Alzheimer-Projekt gewürdigt
Bundesfamilienministerin im Bischof-Benno-Haus
Schmochtitz (dw) -"Erholen können wir uns nur, wenn die Patienten in unserer Nähe sind und wenn wir sehen, dass es ihnen gut geht", hatten Klaus Kinner und andere Angehörige von Alzheimer-Kranken gesagt, bevor sie 2001 an der ersten Bildungsfreizeit im Bischof-Benno- Haus in Schmochtitz teilnahmen. Tag und Nacht hatte Klaus Kinner aus Bautzen über Monate hinweg seine erkrankte Ehefrau gepflegt. Ihm und anderen betroffenen Angehörigen wollten die Initiatoren des Freizeitangebots einige Tage lang Gelegenheit zum Ausruhen geben und ihnen gleichzeitig Kenntnisse vermitteln, die ihnen den Alltag mit den Patienten erleichtern.
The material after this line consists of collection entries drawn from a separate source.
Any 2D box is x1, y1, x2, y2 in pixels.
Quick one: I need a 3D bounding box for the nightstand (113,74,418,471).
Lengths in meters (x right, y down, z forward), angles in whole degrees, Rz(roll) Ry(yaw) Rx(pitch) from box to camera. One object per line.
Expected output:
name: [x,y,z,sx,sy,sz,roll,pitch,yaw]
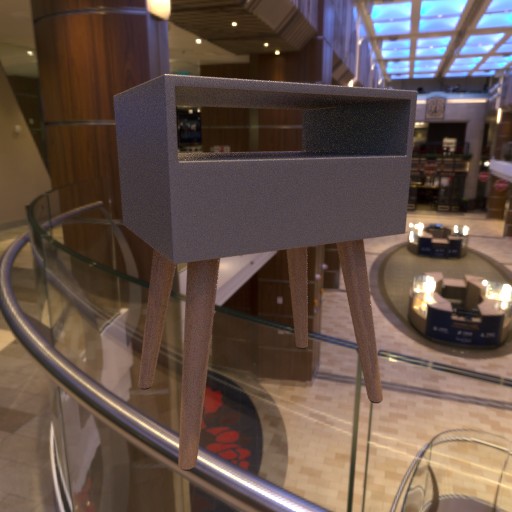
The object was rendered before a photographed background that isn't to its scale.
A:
nightstand: [0.000,0.000,0.735,0.370,0.508,0.288,-8,17,-27]
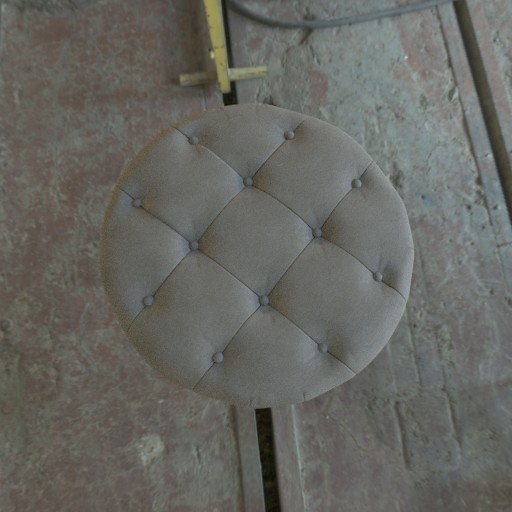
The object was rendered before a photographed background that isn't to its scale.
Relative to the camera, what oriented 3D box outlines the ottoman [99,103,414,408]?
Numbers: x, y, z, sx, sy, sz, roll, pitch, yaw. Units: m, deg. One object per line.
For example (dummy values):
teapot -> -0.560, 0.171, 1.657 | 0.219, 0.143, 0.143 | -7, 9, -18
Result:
ottoman -> 0.000, 0.000, 1.409 | 0.901, 0.439, 0.901 | 0, 76, 0
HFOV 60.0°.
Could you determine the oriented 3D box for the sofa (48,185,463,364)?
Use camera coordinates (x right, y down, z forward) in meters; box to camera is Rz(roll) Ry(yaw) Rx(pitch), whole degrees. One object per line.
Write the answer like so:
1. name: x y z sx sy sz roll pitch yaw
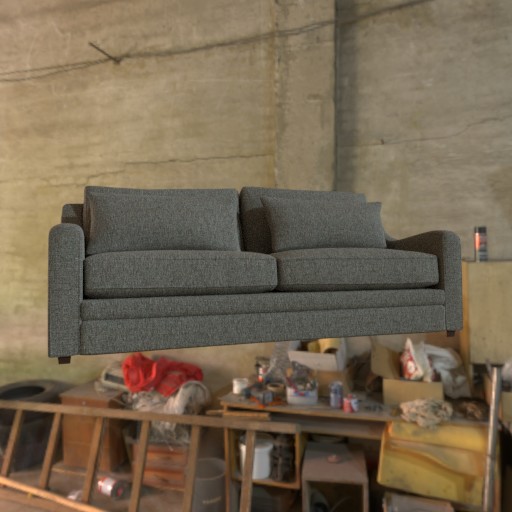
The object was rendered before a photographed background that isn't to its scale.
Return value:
1. sofa: 0.000 0.000 2.880 2.418 0.998 1.103 0 1 -18
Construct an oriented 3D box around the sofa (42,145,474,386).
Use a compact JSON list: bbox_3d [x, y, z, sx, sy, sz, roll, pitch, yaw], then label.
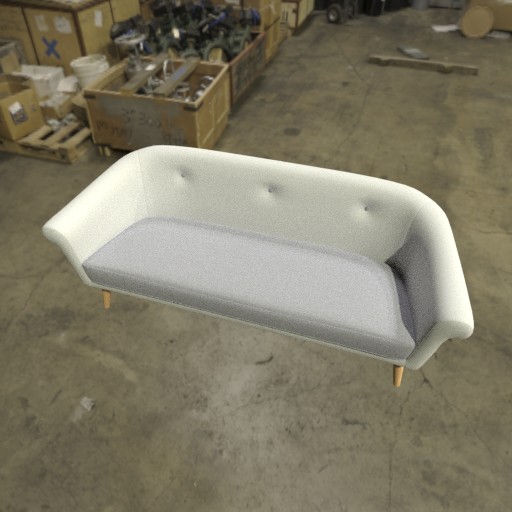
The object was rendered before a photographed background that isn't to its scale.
[{"bbox_3d":[0.000,0.000,2.498,2.160,0.795,0.827,12,43,14],"label":"sofa"}]
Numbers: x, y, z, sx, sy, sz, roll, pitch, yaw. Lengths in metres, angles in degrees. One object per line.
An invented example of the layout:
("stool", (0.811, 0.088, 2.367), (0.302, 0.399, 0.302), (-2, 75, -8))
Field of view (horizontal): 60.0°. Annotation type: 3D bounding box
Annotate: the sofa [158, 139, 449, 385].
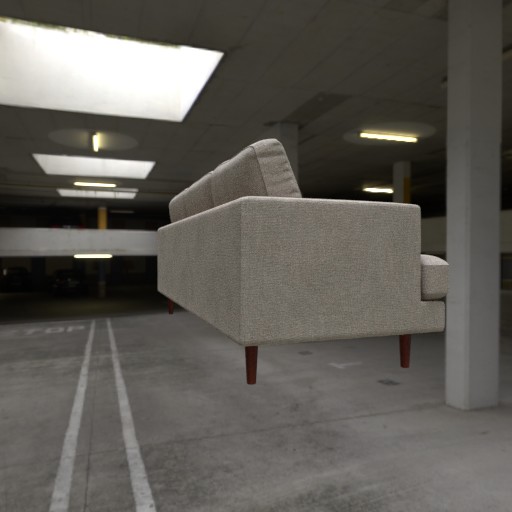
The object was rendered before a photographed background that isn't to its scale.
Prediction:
("sofa", (0.000, 0.000, 2.686), (0.903, 0.930, 2.246), (0, 1, -20))

Wenn man die Anmeldezahlen und die Reaktionen der Teilnehmer betrachtet, scheint das bundesweit erste Angebot dieser Art ein voller Erfolg zu sein. Zweibis dreimal jährlich finden die Schmochtitzer Bildungsfreizeiten für maximal zehn Alzheimerpatienten und ihre pflegenden Angehörigen statt, mit Teilnehmern aus ganz Deutschland. Dem Wunsch der Angehörigen entsprechend sind die Patienten mit dabei. Sie nehmen an manchen gemeinsamen Aktivitäten wie Tanz, Kegeln, Musizieren und Ausflügen teil und werden darüber hinaus gezielt gefördert. Möglich ist das, weil sich neben hauptamtlichen Krankenpflegern und Therapeuten auch eine große Zahl von ehrenamtlichen Helfern einbringt. Die Helfer, die in Wochenendseminaren im Bischof- Benno-Haus speziell geschult werden, unterstützen die Patienten beispielsweise auch bei den Mahlzeiten, so dass manche der pflegenden Angehörigen sich seit langer Zeit zum ersten Mal einmal entspannt ihrem Essen widmen können.
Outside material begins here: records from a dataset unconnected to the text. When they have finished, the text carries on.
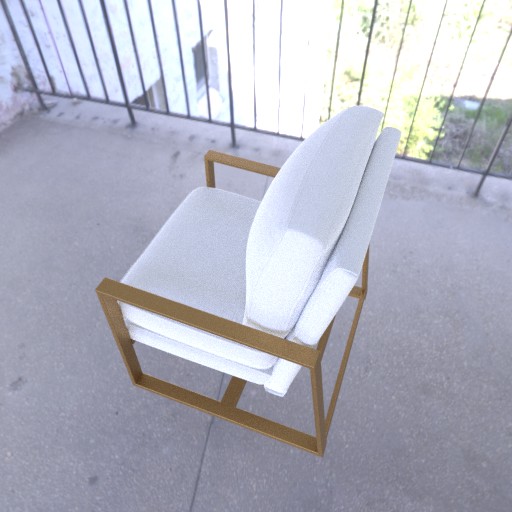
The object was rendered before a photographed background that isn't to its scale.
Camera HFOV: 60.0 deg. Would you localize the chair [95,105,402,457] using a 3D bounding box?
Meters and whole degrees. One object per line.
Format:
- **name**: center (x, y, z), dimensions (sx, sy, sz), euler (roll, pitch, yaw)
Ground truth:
- **chair**: center (0.000, 0.000, 1.568), dimensions (0.813, 0.966, 0.805), euler (15, 48, 14)
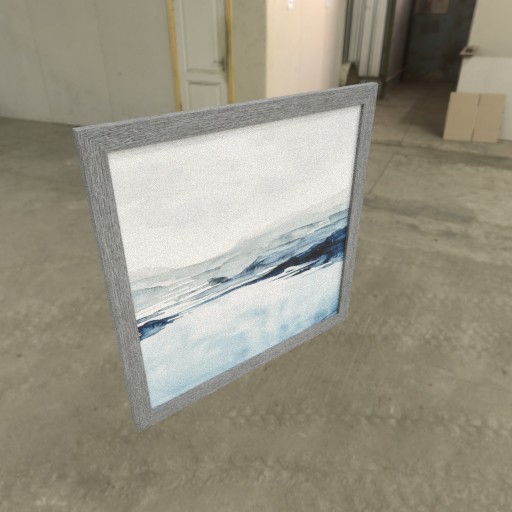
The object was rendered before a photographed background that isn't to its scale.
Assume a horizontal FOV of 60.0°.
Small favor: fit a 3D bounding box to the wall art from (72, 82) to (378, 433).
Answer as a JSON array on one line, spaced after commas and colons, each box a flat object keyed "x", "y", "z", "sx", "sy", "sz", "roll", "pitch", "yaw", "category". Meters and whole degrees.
[{"x": 0.000, "y": 0.000, "z": 1.019, "sx": 0.685, "sy": 0.685, "sz": 0.020, "roll": -21, "pitch": 36, "yaw": -31, "category": "wall art"}]
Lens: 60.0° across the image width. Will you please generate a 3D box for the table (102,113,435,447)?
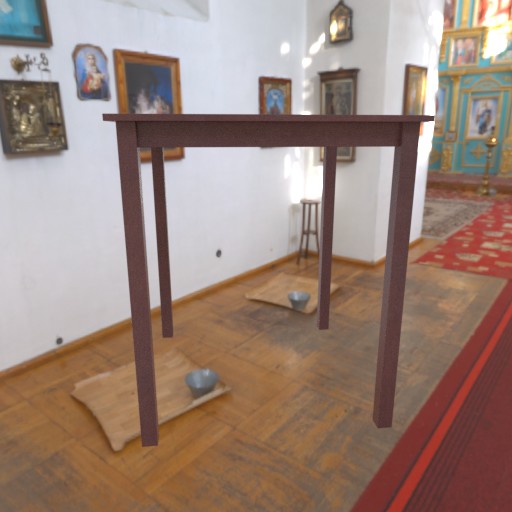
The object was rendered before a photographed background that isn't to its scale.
[{"bbox_3d":[0.000,0.000,1.680,0.861,0.991,0.861,-2,16,-7],"label":"table"}]
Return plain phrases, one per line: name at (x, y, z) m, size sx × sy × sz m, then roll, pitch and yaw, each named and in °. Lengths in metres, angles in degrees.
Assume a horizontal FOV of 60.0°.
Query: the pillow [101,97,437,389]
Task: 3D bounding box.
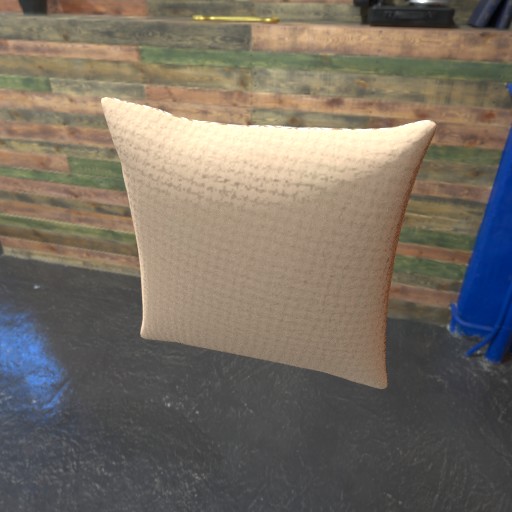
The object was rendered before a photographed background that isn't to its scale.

Zu dem Helferteam gehören Mitglieder der Bautzener Angehörigen- Selbsthilfegruppe, ältere Frauen aus der Umgebung des Bischof-Benno-Hauses, Häftlinge aus der Justizvollzugsanstalt Bautzen mit ihrem Freizeitbetreuer, und eine Maria-Ward- Schwester, die besinnliche Einstimmungen in den Tag anbietet. Sie alle tragen dazu bei, dass es auch den Alzheimer-Kranken gut geht. In einer freundlichen Atmosphäre, in der sie sich angenommen fühlen, gelingt es ihnen nach Einschätzung von Manuela Strack, der Leiterin der Bautzener Selbsthilfegruppe, recht gut, sich auf die ungewohnte Situation einzustellen. Aggressive Ausbrüche treten hier beispielsweise seltener auf als in einer abweisend wirkenden Umgebung. Bundesfamilienministerin Renate Schmidt, die sich bei einem Schmochtitz-Besuch am 26. August über das Projekt informierte, würdigte die Arbeit des Hauses mit Alzheimer- und Demenz-Kranken als "wegweisend" . Sie bezeichnete die Bildungsfreizeiten als eine Art "Mutter-Kind-Kur für die ältere Generation", weil sich die Teilnehmer hier in enger Nähe zum betreuten Angehörigen erholen können und zusätzlich mit Informationen versorgt werden, die ihnen helfen, zu Hause besser klarzukommen. In weiten Teilen der Gesellschaft würde dagegen hartnäckig verdrängt, dass es immer mehr alte und demente Menschen gibt, kritisierte die Ministerin. Abzulesen sei das auch an der mangelnden Bereitschaft in weiten Teilen der erwerbstätigen Bevölkerung, für mehr Qualität in der Pflege auch nur zwei Euro mehr auszugeben. Dass das Alzheimer-Projekt des Bischof-Benno-Hauses bislang kaum Nachahmer gefunden hat, liegt nach Ansicht von Dr. Peter- Paul Straube, dem Leiter der Bildungsstätte, an unzulänglichen Fördermöglichkeiten. Zu jeder Bildungsfreizeit müsse das Haus mehrere tausend Euro zuschießen. Von einer neuen Förderrichtlinie erhofft er sich jedoch eine Verbesserung. Das sächsische Sozialministerium hat dem Projekt bereits bescheinigt, förderwürdig zu sein.